Add horizontal_tilt_angle function and tests

harmonica/_transformations.py

@@ -341,6 +341,58 @@ def reduction_to_pole(
     )
 
 
+def total_horizontal_gradient(grid):
+    r"""
+    Calculate the total horizontal derivative of a potential field grid.
+
+    Compute the amplitude of the horizontal gradient of a regular gridded
+    potential field `M`. This is a measure of the rate of change in the x and y
+    (horizontal) directions. . The horizontal derivatives are calculated though 
+    finite-differences.
+
+    Parameters
+    ----------
+    grid : :class:`xarray.DataArray`
+        A two-dimensional :class:`xarray.DataArray` whose coordinates are
+        evenly spaced (regular grid). Its dimensions should be in the following
+        order: *northing*, *easting*. The coordinates must be defined in the same units.
+
+    Returns
+    -------
+    horizontal_derivative_grid : :class:`xarray.DataArray`
+        A :class:`xarray.DataArray` containing the total horizontal derivative of
+        the input ``grid``.
+
+    Notes
+    -----
+    The total horizontal derivative is calculated as:
+
+    .. math::
+
+        A(x, y) = \sqrt{
+            \left( \frac{\partial M}{\partial x} \right)^2
+            + \left( \frac{\partial M}{\partial y} \right)^2
+        }
+
+    where :math:`M` is the regularly gridded potential field.
+
+    References
+    ----------
+    [Blakely1995]_
+    [CordellGrauch1985]_
+    """
+
+    # Run sanity checks on the grid
+    grid_sanity_checks(grid)
+    # Calculate the horizontal gradients of the grid
+    horizontal_gradient = (
+        derivative_easting(grid, order=1),
+        derivative_northing(grid, order=1)
+    )
+    # return the total horizontal gradient
+    return np.sqrt(horizontal_gradient[0] ** 2 + horizontal_gradient[1] ** 2)
+
+
 def total_gradient_amplitude(grid):
     r"""
     Calculates the total gradient amplitude of a potential field grid
@@ -455,6 +507,131 @@ def tilt_angle(grid):
     return tilt
 
 
+def theta_map(grid):
+    r"""
+    Calculate the theta map of a potential field grid
+
+    Compute the theta map of a regularly gridded potential field
+    :math:`M`, used to enhance edges in gravity and magnetic data.

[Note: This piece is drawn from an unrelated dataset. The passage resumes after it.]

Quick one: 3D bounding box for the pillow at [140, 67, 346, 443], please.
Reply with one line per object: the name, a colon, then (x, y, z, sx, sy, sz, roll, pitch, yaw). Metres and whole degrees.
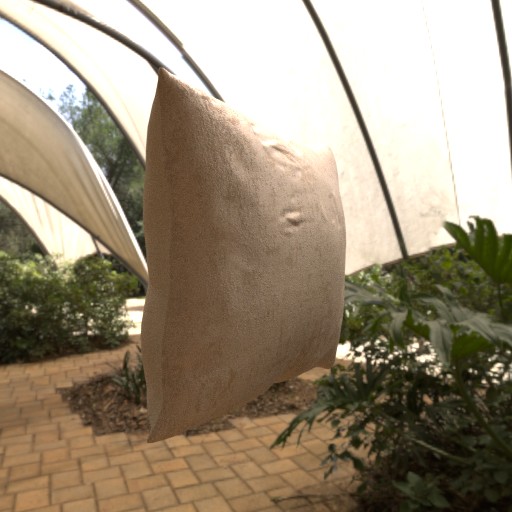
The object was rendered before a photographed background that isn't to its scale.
pillow: (0.000, 0.000, 0.710, 0.245, 0.448, 0.450, -1, -1, 37)

+    The horizontal and vertical derivatives are calculated from the
+    input grid, and the theta angle is defined as the arctangent
+    of the ratio between the total horizontal derivative and the
+    total gradient amplitude.
+
+    Parameters
+    ----------
+    grid : :class:`xarray.DataArray`
+       A two-dimensional :class:`xarray.DataArray` whose coordinates are
+        evenly spaced (regular grid). Its dimensions should be in the following
+        order: *northing*, *easting*. Its coordinates should be defined in the
+        same units.
+
+    Returns
+    -------
+    theta_grid : :class:`xarray.DataArray`
+       A :class:`xarray.DataArray` with the calculated theta angle
+        in radians.
+
+    Notes
+    -----
+    The theta angle is calculated as:
+
+    .. math::
+
+        \theta(M) = \tan^{-1} \left(
+            \frac{
+                \sqrt{
+                    \left( \frac{\partial M}{\partial x} \right)^2 +
+                    \left( \frac{\partial M}{\partial y} \right)^2
+                }
+            }{
+                \sqrt{
+                    \left( \frac{\partial M}{\partial x} \right)^2 +
+                    \left( \frac{\partial M}{\partial y} \right)^2 +
+                    \left( \frac{\partial M}{\partial z} \right)^2
+                }
+            }
+        \right)
+
+    where :math:`M` is the regularly gridded potential field.
+
+    References
+    ----------
+    [Wijns et al., 2005]_
+    """
+    # Run sanity checks on the grid
+    grid_sanity_checks(grid)
+    # Calculate the gradients of the grid
+    gradient = (
+        derivative_easting(grid, order=1),
+        derivative_northing(grid, order=1),
+        derivative_upward(grid, order=1),
+    )
+    # Calculate and return the theta map
+    total_gradient = np.sqrt(gradient[0] ** 2 + gradient[1] ** 2 + gradient[2] ** 2)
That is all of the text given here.